Toms Guide said “Starlink delivers on a promise that’s been made for decades: getting broadband internet access in rural parts of the country” but pointed to the short cable length between the dish and the box as an issue. Portugal’s Altair.io repeated the comments about obstructions and said that “Starlink can’t compete” in rural areas with good internet infrastructure, but said it was a competitive choice where other internet options are poor or nonexistent.
MIT Technology Review asked “who is Starlink really for?” The Review says that it can service people without reliable Internet, like people in the developing world relying on expensive cellular data, and also provide higher-quality broadband internet to people in the developed world with poor-quality Internet, like rural Americans. They did question whether 5G might reduce the demand. PC Magazine also says that people “love Starlink but don’t really get it”, and echoed the belief that it is a focal point for Americans’ dissatisfaction with local Internet providers.
Recent Starlink Experiences
Most of the digital media reviews are from mid-2021. Over the last month, however, there’s been a steady stream of reactions and reviews on YouTube.
UK YouTuber (and network engineer) Alex Brooks said that while upload speeds were disappointing, pings of less than 30ms were commonplace and download speeds were fine. He said “for casual gaming, that is impressive.” Andy Slye said that the speed increase “wasn’t just a gamechanger, it’s a life-changer.” Meteorologist Nick Stewartechoed Brooks’ concern about upload speed, but also said that the latency was consistently good. He noted there were fluctuations in download speed, but didn’t see any impact on gaming or streaming. A YouTuber named “Shane DIY” outside Phoenix, Arizona finally had their Starlink kit show up in December, and was up and running after a few minutes putting the dish out in their backyard. He then installed it on the roof, and was impressed with the speed, though he had some networking issues.
People on Reddit also said it was a life-changer. One recent poster from New England said that going from download speeds of 5Mbps to over 100Mbps was life-changing, and the service was cheaper than the others he’d tried. A request for impressions from an Ontario-based user also had a variety of responses from people saying “Fast, reliable and the ping time is much better than 120+ms”, “Starlink since end of July, happy with it,” and “It is heaven! 200 mbps all the time for me. It handles bad weather surprisingly well.”

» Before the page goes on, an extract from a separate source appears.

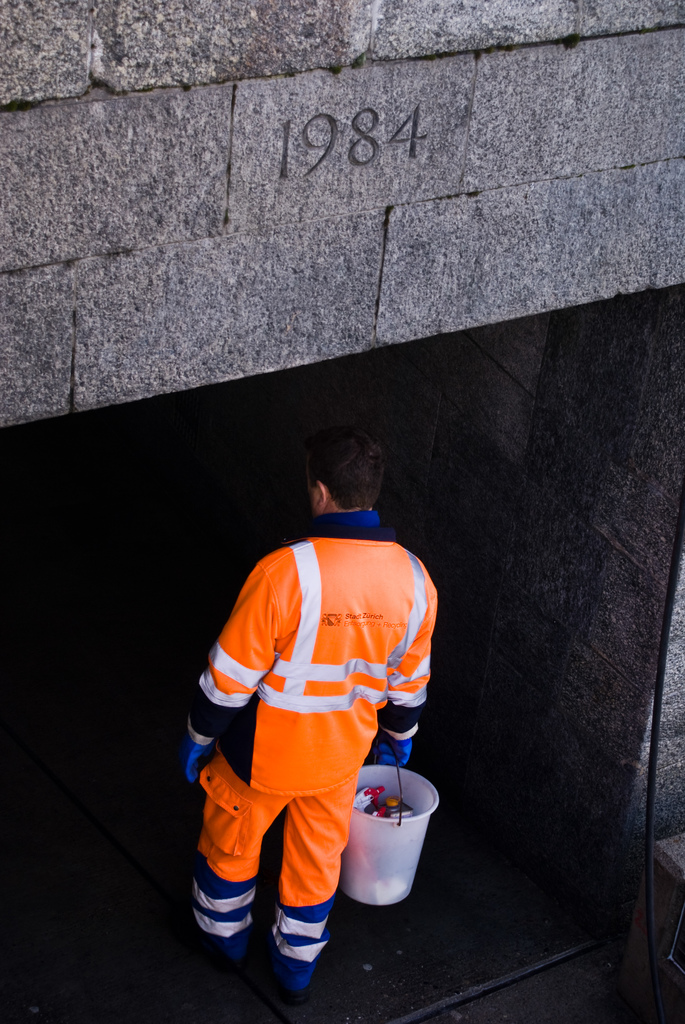How does the uniform he's wearing assist with his job? The bright orange uniform with reflective stripes is crucial for safety, ensuring high visibility in low-light conditions within the tunnel, which is essential for preventing accidents. What kind of tools or equipment might he carry in the bucket? Typically, the bucket may contain tools like wrenches, pliers, or brushes, as well as safety equipment or cleaning supplies needed for tunnel maintenance tasks. 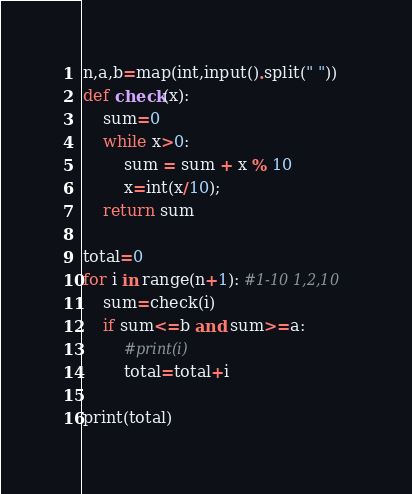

Granted, as an enthusiast subreddit, these reviews are expected to be generally positive. But between the Reddit responses and the YouTube reviews, it shows how many people outside expensive urban markets see it as “not just a gamechanger, but a life-changer.” In many ways, it will help bring people outside of cities into the digital conversation, and might even change people’s choices on where to live.
That augurs well for the service’s future, as this is just the start. Starlink hasn’t even begun making inroads in the developing world, at least outside of a small part of Chile. But this same ability to provide high-quality Internet access to far-flung people across the globe will not only improve their ability to access information and services, but will give them a voice that matches even the most tech-blessed urban westerner.